The errors assigned by defendant, are three, and these:

Eirst, in excluding testimony tending to prove that defendant’s wife was holding under the outstanding title of Cheedle; second, in ignoring the right of the wife to enjoy her homestead; third, in instructing the jury to find for plaintiff.

Regarding the first assignment, there was nothing in the nature of legal evidence that Oheedle had any “outstanding title.” The offer of defendant to testify to it was clearly not the best evidence, supposing such evidence competent, as the deed of trust, if any, should have been produced, or, if destroyed, the record of it should have been offered, instead of oral testimony to prove the conveyance. [Turner v. Williams, 76 Mo. loc. cit. 618; Cooper v. Ord, 60 Mo. loc. cit. 430, et seq.]

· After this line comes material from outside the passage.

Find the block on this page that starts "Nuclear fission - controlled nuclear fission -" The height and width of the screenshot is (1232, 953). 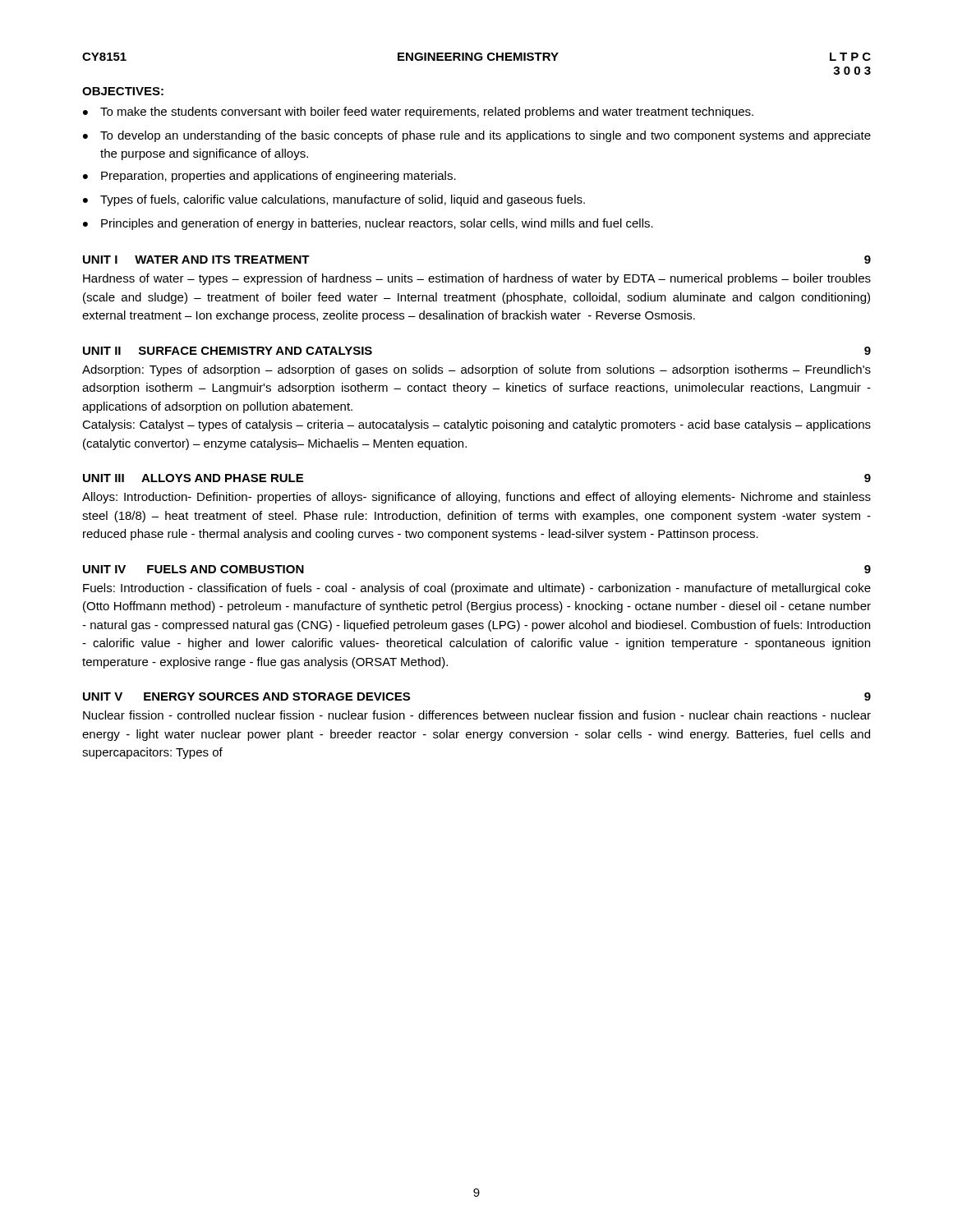click(476, 734)

But Oheedle was not a party to the suit, and although he was duly subpoenaed by plaintiff, failed to come forward and testify. If Oheedle was not a party to the suit, he could not be prejudiced by anything occurring in that suit. Besides, in the same offer of testimony of defendant himself, it was offered to be shown that after the decree of reformation and foreclosure aforesaid, Linzee, as the tenant of Vanhook, had been paying rent to the latter, until the occurrence of the decree, above mentioned, when he immediately “turned the property over to his wife, for Mr. Oheedle, her brother, since which time she has had control of the property, occupying it and controlling it for Mr. Oheedle who holds the past due mortgage.”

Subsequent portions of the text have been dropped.